Xylella, Barbuto incalza la Regione: «Il rischio era stato denunciato»
La consigliera regionale del Movimento 5 Stelle interviene dopo il primo caso accertato in Calabria e chiede alla Giunta di attivare misure immediate per fermare il batterio
Dopo il primo focolaio di Xylella fastidiosa accertato in Calabria, arriva la presa di posizione della consigliera regionale del Movimento 5 Stelle, Elisabetta Barbuto. Per l’esponente pentastellata, la scoperta del batterio nel Reggino conferma la necessità di intervenire con rapidità, applicando le misure di prevenzione e controllo già richieste attraverso una mozione presentata in Consiglio regionale.
«La presenza della Xylella sul nostro territorio era una possibilità che non poteva essere esclusa», sostiene Barbuto, ricordando l’iniziativa portata avanti nei mesi scorsi per sollecitare la Regione Calabria a predisporre strumenti di prevenzione e tutela del patrimonio agricolo.
Ora, però, dopo l’individuazione del focolaio, la consigliera chiede che si passi dalle discussioni ai fatti.
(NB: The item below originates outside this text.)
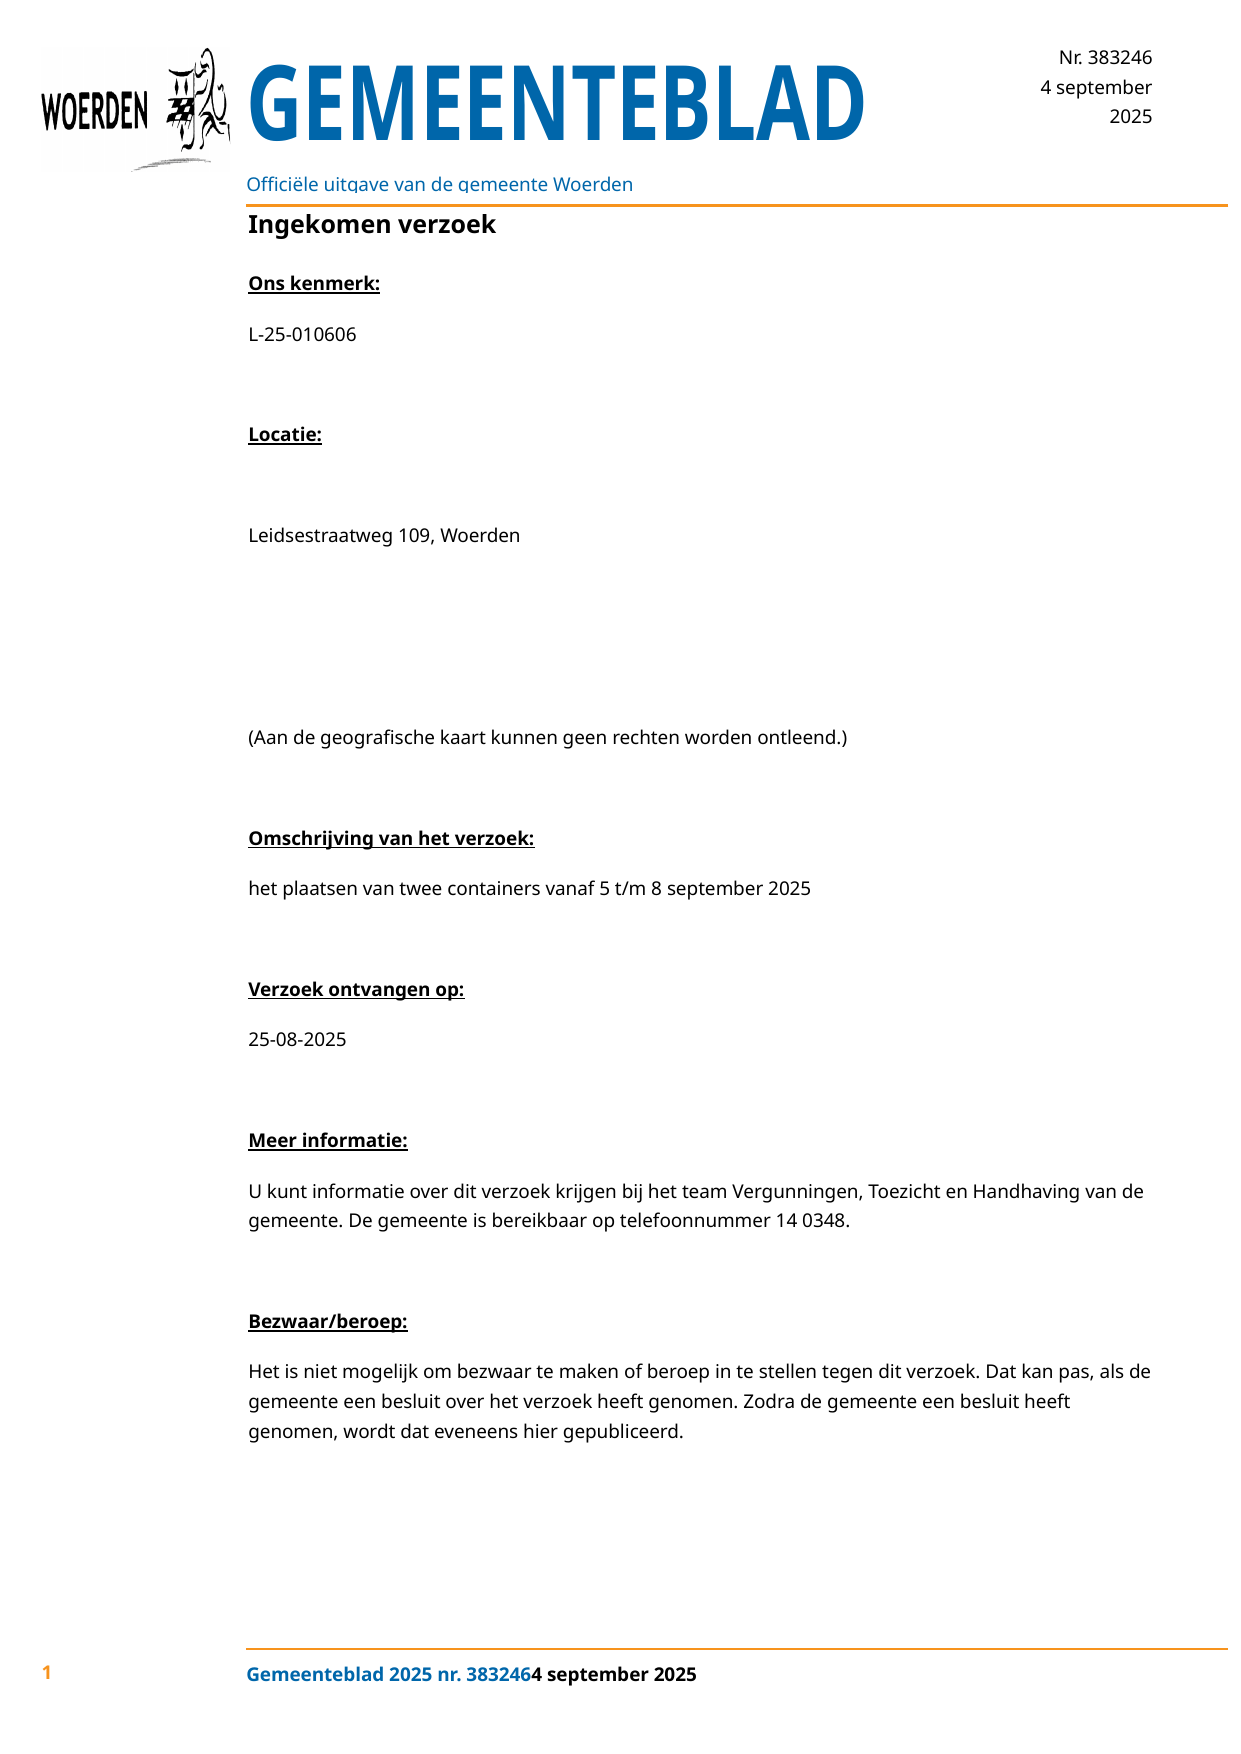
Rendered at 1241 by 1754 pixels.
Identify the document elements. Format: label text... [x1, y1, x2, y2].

Al centro della sua richiesta ci sono il potenziamento dei controlli, il monitoraggio delle aree agricole e il rafforzamento delle strutture regionali chiamate a fronteggiare l’emergenza.
La Xylella fastidiosa è un batterio che può rappresentare una seria minaccia per le coltivazioni e, in particolare, per il comparto olivicolo. Per questo, secondo Barbuto, non bisogna perdere tempo.
La consigliera del M5S sollecita dunque la Giunta regionale a mettere in campo tutte le azioni previste per limitare la diffusione del batterio e proteggere un settore che riveste un ruolo centrale nell’economia calabrese.
L’attenzione resta ora alta sul focolaio individuato nel territorio di Taurianova e sulle misure di contenimento avviate dalle autorità competenti. Per Barbuto, la priorità è impedire che il primo caso accertato possa trasformarsi in un problema più ampio per l’intera regione.